MEMORIA DEL PASADO ( I )

Sin pasado, ¡ qué triste sería un pueblo !. Y cuando digo pasado no sólo me refiero a la historia, a los acontecimientos, al devenir de una colectividad, sino a sus personajes. Quien hace el pueblo son sus gentes, aquellos que lo han ido configurando y han llenado su plaza y sus calles de vida. Los que han ido creciendo con las alegrías y las penas; las transformaciones y la monotonia, los nacimientos y las muertes. Estos son los que van quedando en la memoria, no historica, sino viva.
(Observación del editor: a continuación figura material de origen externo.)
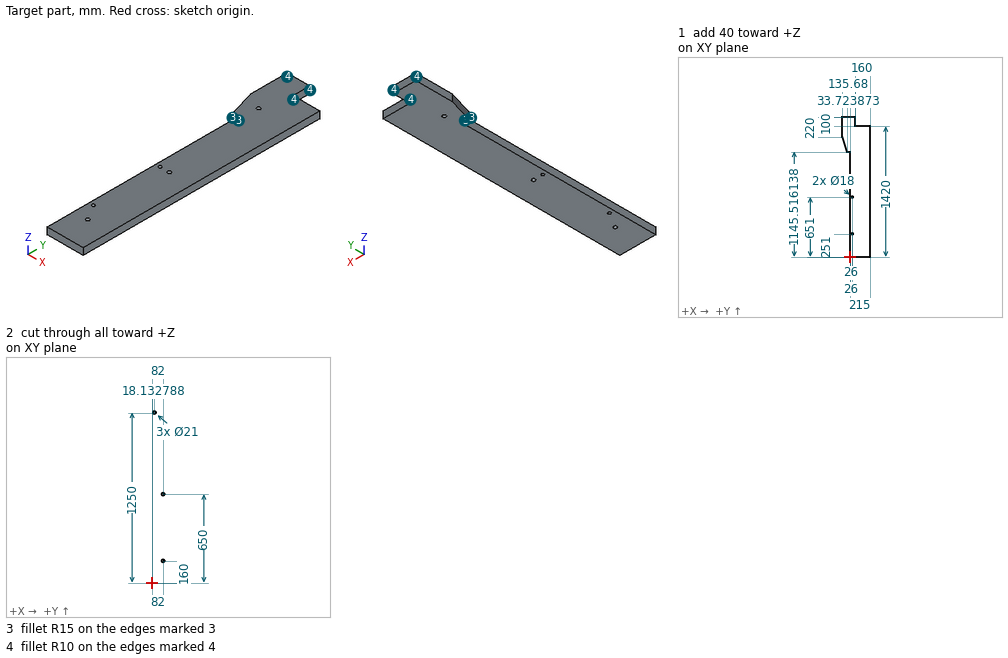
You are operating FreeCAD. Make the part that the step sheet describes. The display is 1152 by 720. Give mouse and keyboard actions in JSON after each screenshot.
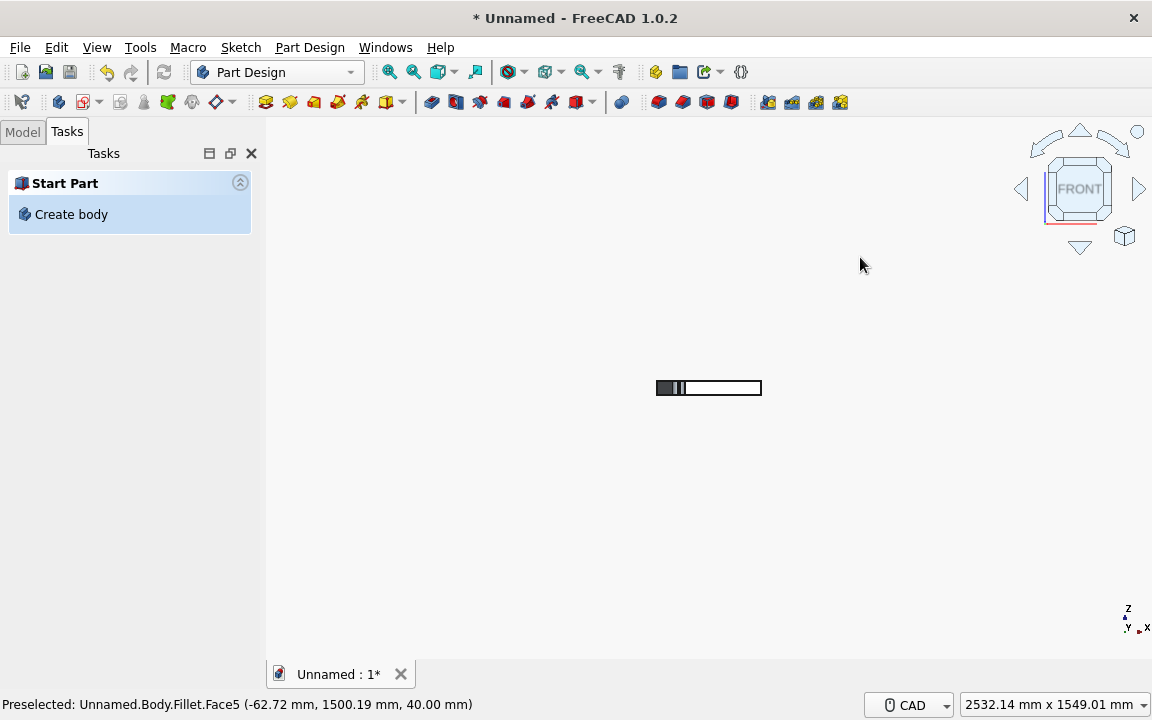
{"action": "key", "text": "v f"}

A pesar de que el calendario nos pasa página cada día, ellos están en nuestro recuerdo; en nuestras conversaciones. Por eso las fotografías no son recuadros fijos de un momento, sino que tienen el poder de evocar y traer a nuestra presencia a los fotografiados.
Alguno vez hablando con gente en Boñar hemos comentado lo interesante que sería hacer una exposición, con motivo de las fiestas, de las gentes, las costumbres ( unas perdidas y otras todavía presentes), de los acontecimientos del pasado. Sólo faltariá gente ilusionada que pusiera manos a la obra y que los boñareses sacaran las fotografías de sus albumes para hacerla. En más de un pueblo se ha hecho con un éxito rotundo.
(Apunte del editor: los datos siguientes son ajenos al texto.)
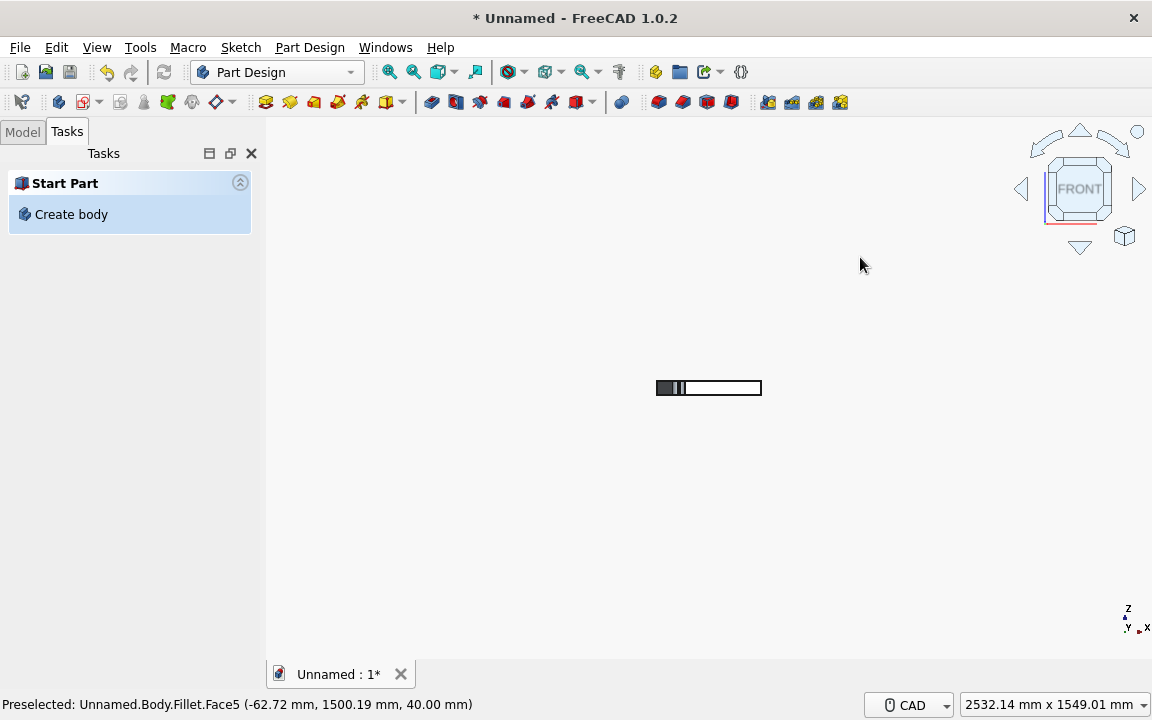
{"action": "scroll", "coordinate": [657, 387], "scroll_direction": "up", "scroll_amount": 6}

Por ejemplo yo, ante esta foto me he pasado un rato estupendo, descubriendo quién es quién y tratando de poner nombre a quien se me escapa del reconocimiento.. Me imagino que es de la década de los 50 y están rodeando a Dña. Julia, su maestra.
Poder ver a las personas que han formado parte de nuestra vida e historia, es una de las satisfacciones mayores, por lo menos para los ya entrados en ellos. Y para los jóvenes también no lo dudo.
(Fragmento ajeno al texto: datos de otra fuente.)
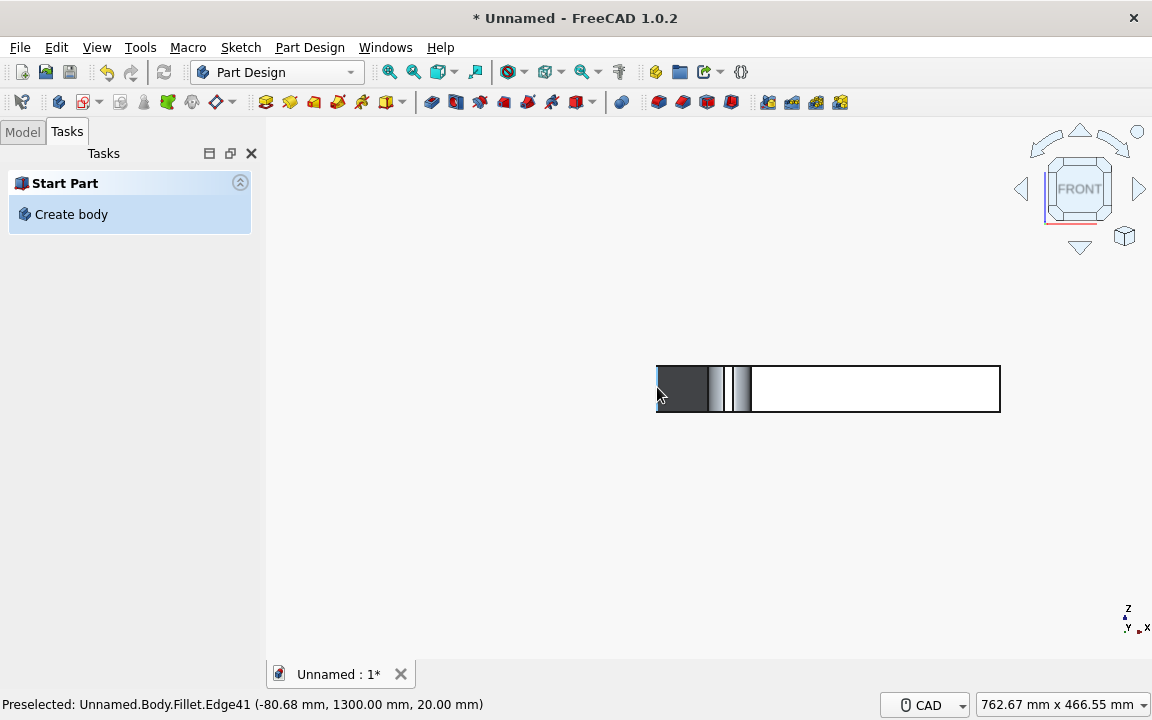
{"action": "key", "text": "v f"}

En las próximas entradas iré poniendo alguna más con gente de Boñar.

domingo, 22 de enero de 2012

BOÑAR, DESIERTO CULTURAL

Cuando repaso los pueblos vecinos de Boñar, siento una sana envidia al ver cómo se preocupan de la cultura y de las tradiciones. Desde hace unas decadas más de un pueblo ha desempolvado su pasado, sacando a luz tradiciones, objetos, danzas....todo aquello que le es propio y que , además, puede interesar a los visitantes. Quieren salir del olvido, de la inercia y del invierno escondido. Veo, por ejemplo, Cistierna con esos cursos de Estudios Orientales, que ha logrado interesar a muchos de sus habitantes y que hace que pasen por la villa más de un investigador; Olleros con su Semana Cultural, ya consagrada y de renombre en la provincia; Sabero, con su museo que ha logrado dar vida a la vieja ferrería; Cerezales también con su sala de exposiciones.......en este espacio comarcal queda Boñar como un islote refractario a toda manifestación cultural.
Es verdad que todas estas realizaciones tienen a una persona entusiasmada y organizadora, pero también es verdad que detrás de la cabeza pensante hay una tierra fértil, hay gente que se siente atraida y que tiene apetencia de hacer algo distinto, de salir de la rutina, de sacar a luz lo mejor de su pueblo.....
Boñar tiene historia, tiene tradiciones, tiene gente capaz para motivar y animar, pero tiene la mala suerte de no tener alguien que se ponga al frente. Creo que en situaciones asi, donde no hay una persona que que aglutine y que tenga iniciativas, debería ser el Ayuntamiento, a través de su Concejalía de Cultura, quien debería crear un ambiente cultural y apoyar iniciativas y realizaciones.
Todos los años paso el verano y las fiestas en Boñar. La asistencia de gente está garantizada, pero veo que casi todo el interés, sobre todo de la gente joven es el botellón permanente y las orquestas. Nada cultural.
Menos mal que los aluches siguen ahi y no nos los hemos cargado.
Me da la impresión de que Boñar además de pueblo individualista, es un pueblo apático. Y esto se puede educar. Pero para educar hace falta que haya "educadores". Si desde la infancia y adolescencia no se trabaja el amor al pueblo, a sus tradiciones; si no se hacen talleres culturales, no nos extrañe que al llegar a la juventud  no deseen más cosa que pasar el rato con lo primero que pillen.
Todos están llamados a aportar lo que puedan para que Boñar tenga vida cultural, que no es sólo hacer una obra de teatro de pascuas a ramos, o una exposición de trabajos. Es poner las bases para que la gente se implique. Y esto le corresponde mucho al Ayuntamiento.


Boñar, al reves que otros pueblos, ha ido perdiendo tradiciones. Nos queda la Pastorada y los coros y danzas. ¿Dejaremos perder lo que es tan nuestro?

Esto puede ser un amanecer o un ocaso. ¿Qué queremos para Boñar?